Related: 5 Smart Ways to Remove Bias From Your Hiring Process
4. Interview sequence
The interview sequence is where you can't afford to get lazy. The mistake companies make is assuming a quality interview sequence will require more of their time, so they limit it to one or two interviews. Here's an interview sequence that will protect your time and your culture:
30-minute screen
This is not with the recruiter. This can be anyone on your team that can check on those hiring standards and determine culture fit.
Work assignment
If a candidate passes the 30-minute screen, send him or her a work assignment. This should be at least three case studies that reflect the problems he or she would encounter in the role. You aren't looking to steal work product, so watch out for that. These can be customer-service scenarios, employee scenarios or technical scenarios. If you're willing to spend some money, there are some great SaaS test providers out there that have assessments ready to go.
Three-person panel
Choose a three-person panel to review the work assignment and then conduct an interview if they all give the candidate a pass rating. This protects their time and should ensure they only interview the best candidates.
These individuals should not include the hiring manager or anyone that would be a direct report to this new role. You want to include two people the candidate would work very closely with, but ensure at least one of the three is from a different team. Also, be sure those three individuals are an accurate representation of your diversity goals, or you will only find candidates who look just like your panel.

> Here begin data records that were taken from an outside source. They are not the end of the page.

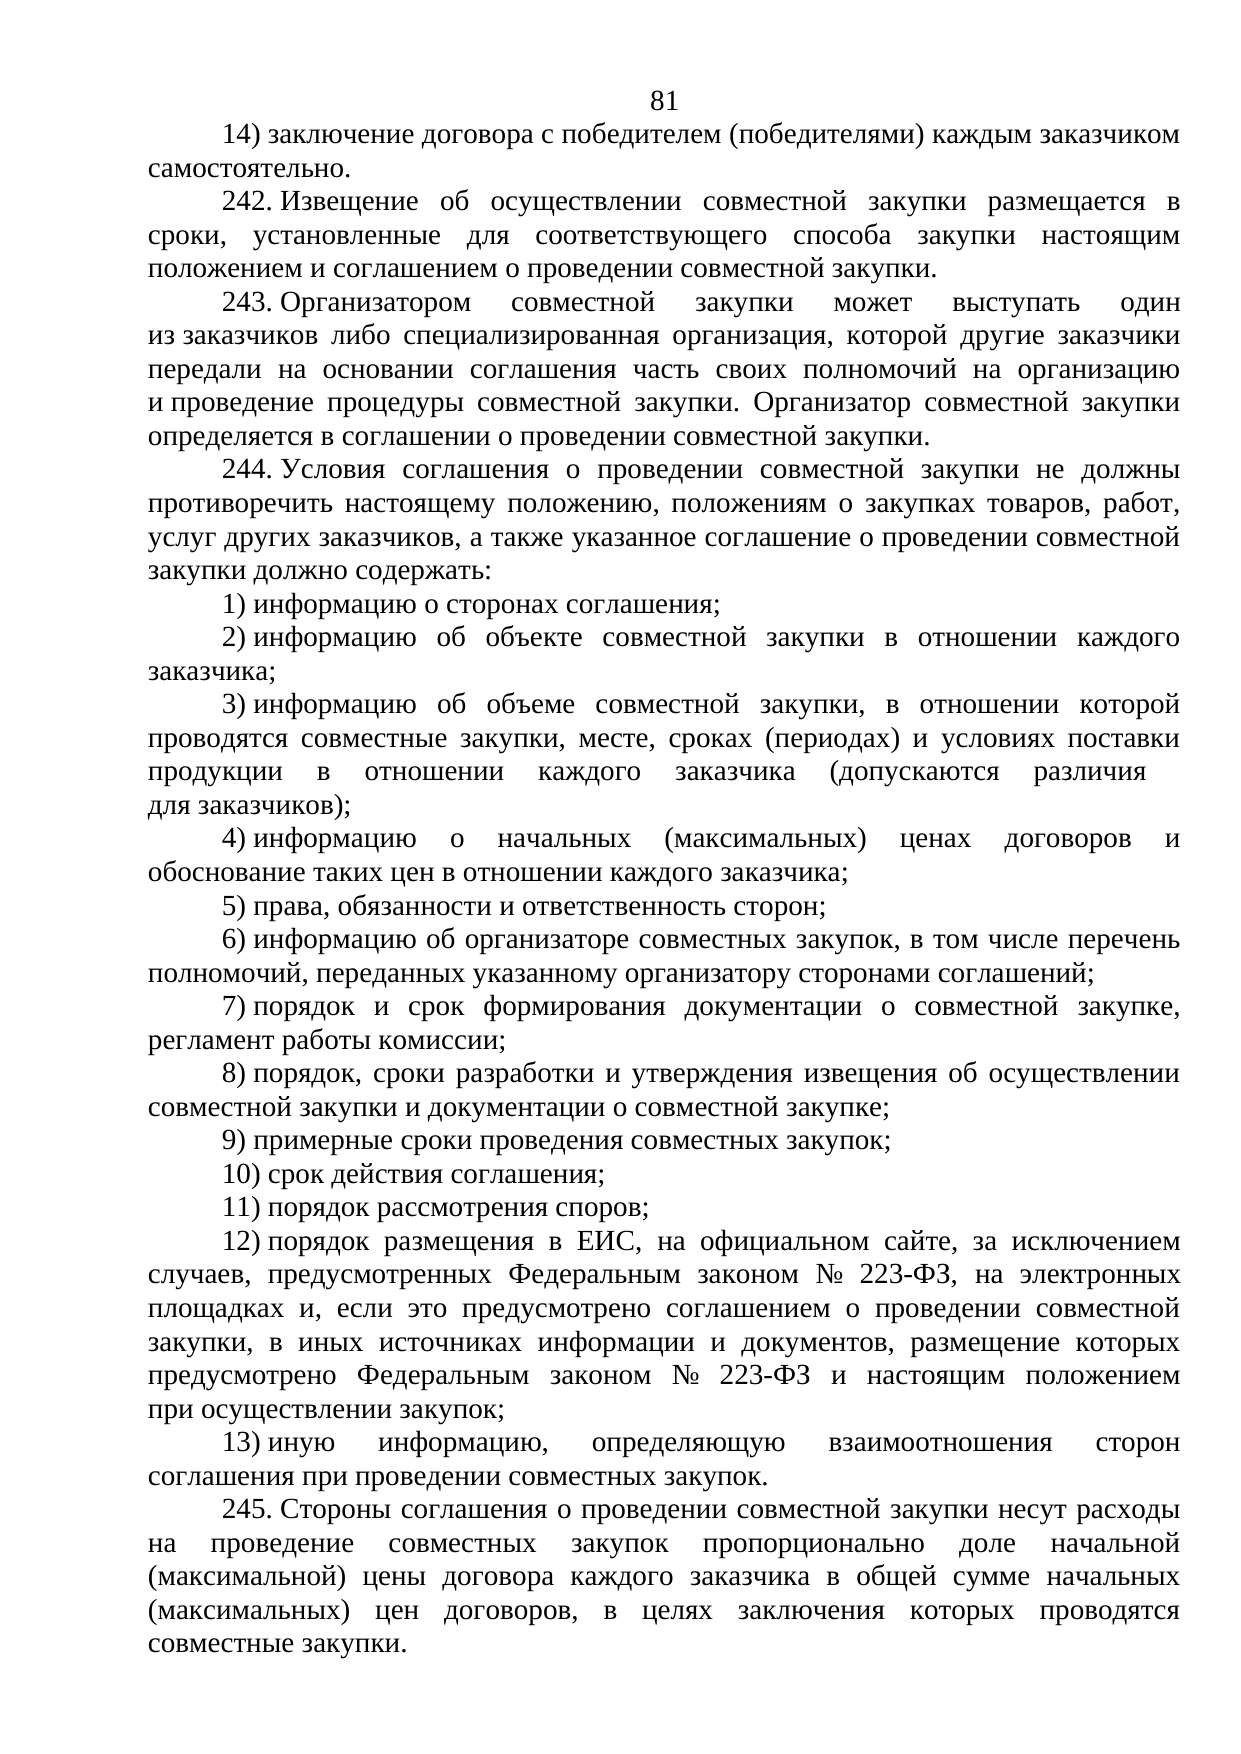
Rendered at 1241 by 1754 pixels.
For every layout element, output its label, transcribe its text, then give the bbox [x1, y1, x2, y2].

text 242. Извещение об осуществлении совместной закупки размещается в сроки, установленные для соответствующего способа закупки настоящим положением и соглашением о проведении совместной закупки. [148, 183, 1181, 284]
text 12) порядок размещения в ЕИС, на официальном сайте, за исключением случаев, предусмотренных Федеральным законом № 223-ФЗ, на электронных площадках и, если это предусмотрено соглашением о проведении совместной закупки, в иных источниках информации и документов, размещение которых предусмотрено Федеральным законом № 223-ФЗ и настоящим положением при осуществлении закупок; [148, 1223, 1181, 1424]
text 4) информацию о начальных (максимальных) ценах договоров и обоснование таких цен в отношении каждого заказчика; [148, 821, 1181, 888]
text 243. Организатором совместной закупки может выступать один из заказчиков либо специализированная организация, которой другие заказчики передали на основании соглашения часть своих полномочий на организацию и проведение процедуры совместной закупки. Организатор совместной закупки определяется в соглашении о проведении совместной закупки. [148, 284, 1181, 452]
text 13) иную информацию, определяющую взаимоотношения сторон соглашения при проведении совместных закупок. [148, 1424, 1181, 1491]
text 11) порядок рассмотрения споров; [148, 1189, 1181, 1223]
text 245. Стороны соглашения о проведении совместной закупки несут расходы на проведение совместных закупок пропорционально доле начальной (максимальной) цены договора каждого заказчика в общей сумме начальных (максимальных) цен договоров, в целях заключения которых проводятся совместные закупки. [148, 1491, 1181, 1659]
text 10) срок действия соглашения; [148, 1156, 1181, 1189]
text 14) заключение договора с победителем (победителями) каждым заказчиком самостоятельно. [148, 116, 1181, 183]
text 2) информацию об объекте совместной закупки в отношении каждого заказчика; [148, 619, 1181, 686]
text 6) информацию об организаторе совместных закупок, в том числе перечень полномочий, переданных указанному организатору сторонами соглашений; [148, 921, 1181, 988]
text 8) порядок, сроки разработки и утверждения извещения об осуществлении совместной закупки и документации о совместной закупке; [148, 1055, 1181, 1122]
text 244. Условия соглашения о проведении совместной закупки не должны противоречить настоящему положению, положениям о закупках товаров, работ, услуг других заказчиков, а также указанное соглашение о проведении совместной закупки должно содержать: [148, 452, 1181, 586]
text 3) информацию об объеме совместной закупки, в отношении которой проводятся совместные закупки, месте, сроках (периодах) и условиях поставки продукции в отношении каждого заказчика (допускаются различия для заказчиков); [148, 686, 1181, 821]
text 5) права, обязанности и ответственность сторон; [148, 888, 1181, 921]
text 7) порядок и срок формирования документации о совместной закупке, регламент работы комиссии; [148, 988, 1181, 1055]
text 1) информацию о сторонах соглашения; [148, 586, 1181, 619]
text 9) примерные сроки проведения совместных закупок; [148, 1122, 1181, 1156]
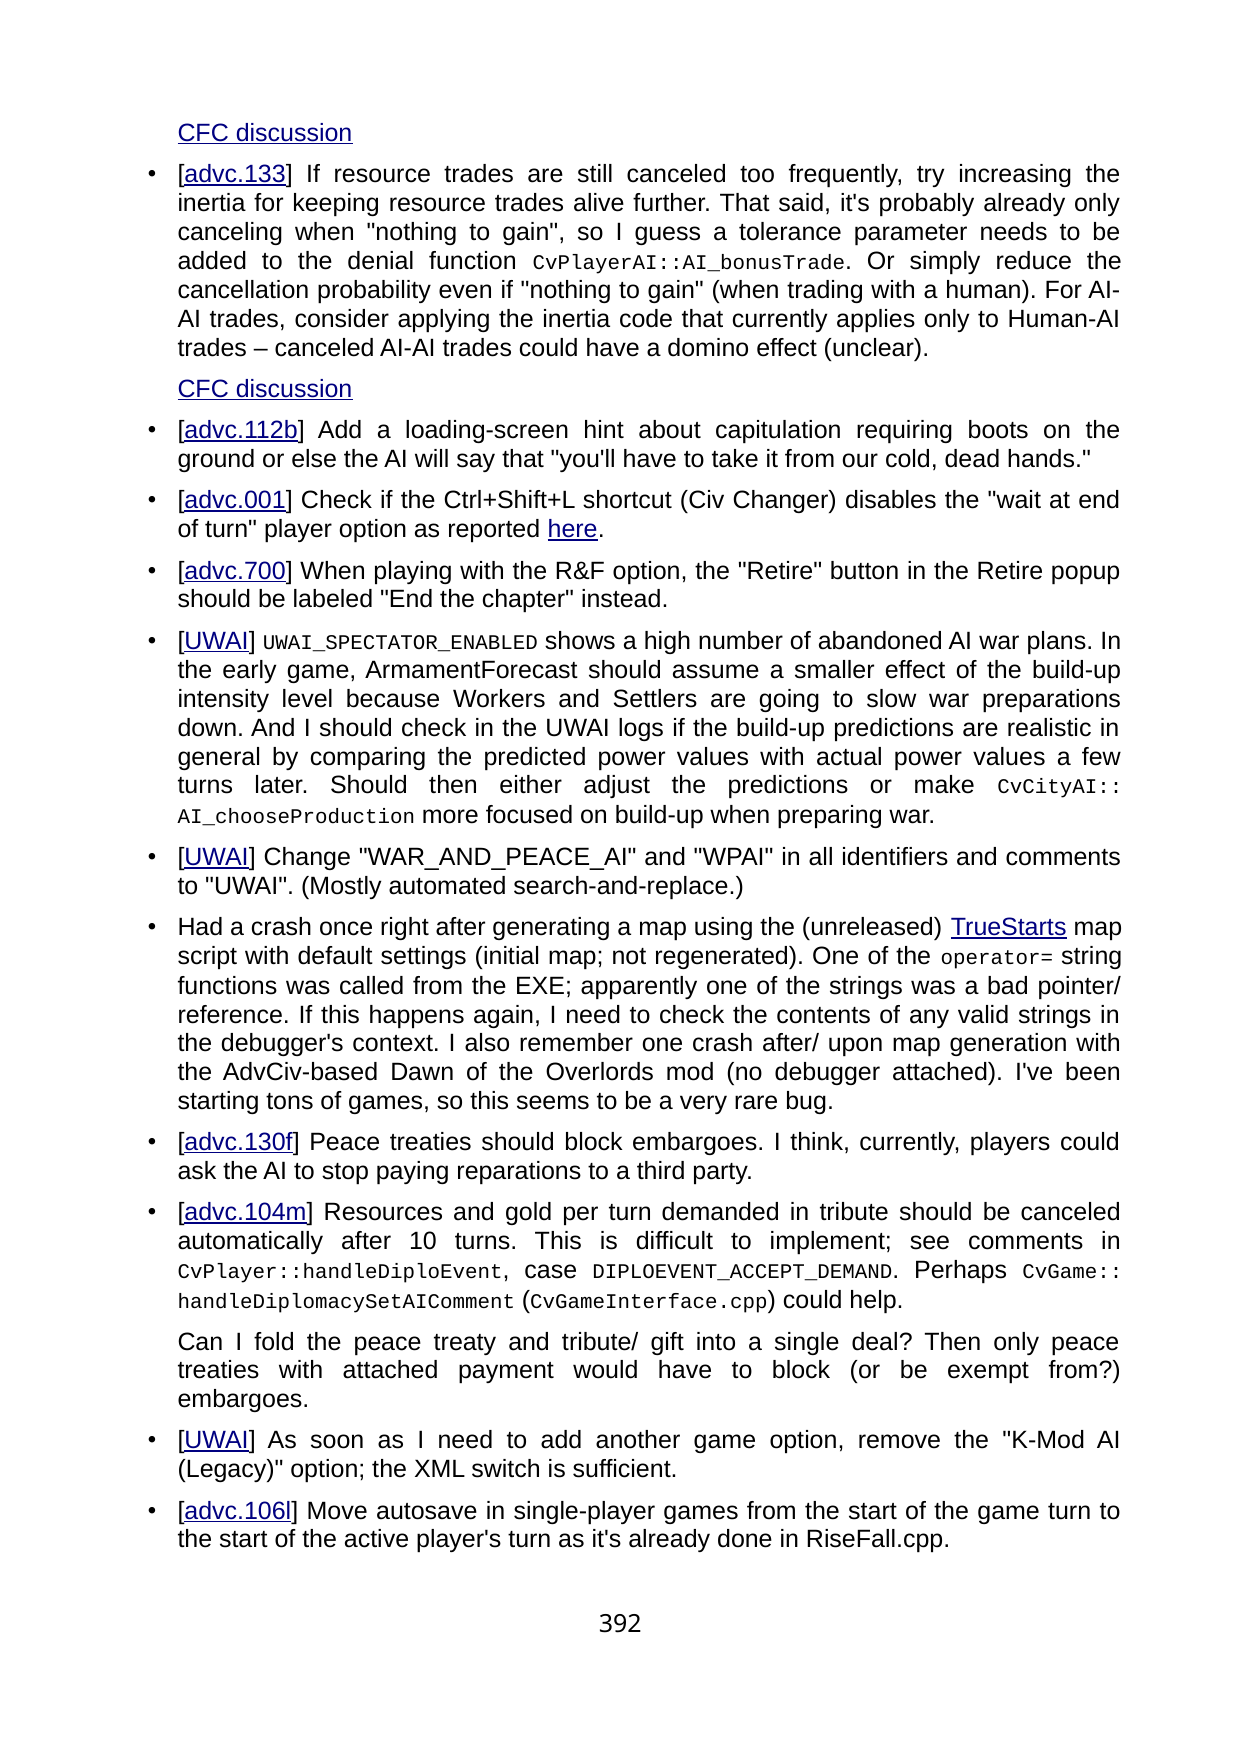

If your company is too small to accommodate this, then you may want to consider working with an external recruiter, who can help screen candidates using your avatar. Protecting your culture is worth the investment.
Hiring manager interview
Only if your candidate gets two out of three passes from your panel should he or she advance to the hiring manager interview. This protects the time of your hiring manager, who is likely critical to your operations; at the same time, it protects your culture.
Your hiring manager should have reviewed the notes from the panel, the candidate's work assignment, his or her resume and application and be prepared with at least ten interview questions. Aim for two to three final candidates to choose from and go make that offer.
This four-step playbook will aid you as you rapidly scale, so you don't sacrifice sustainability in the long run. If you use it, it will protect your time and your culture as you grow with intention. Happy growing!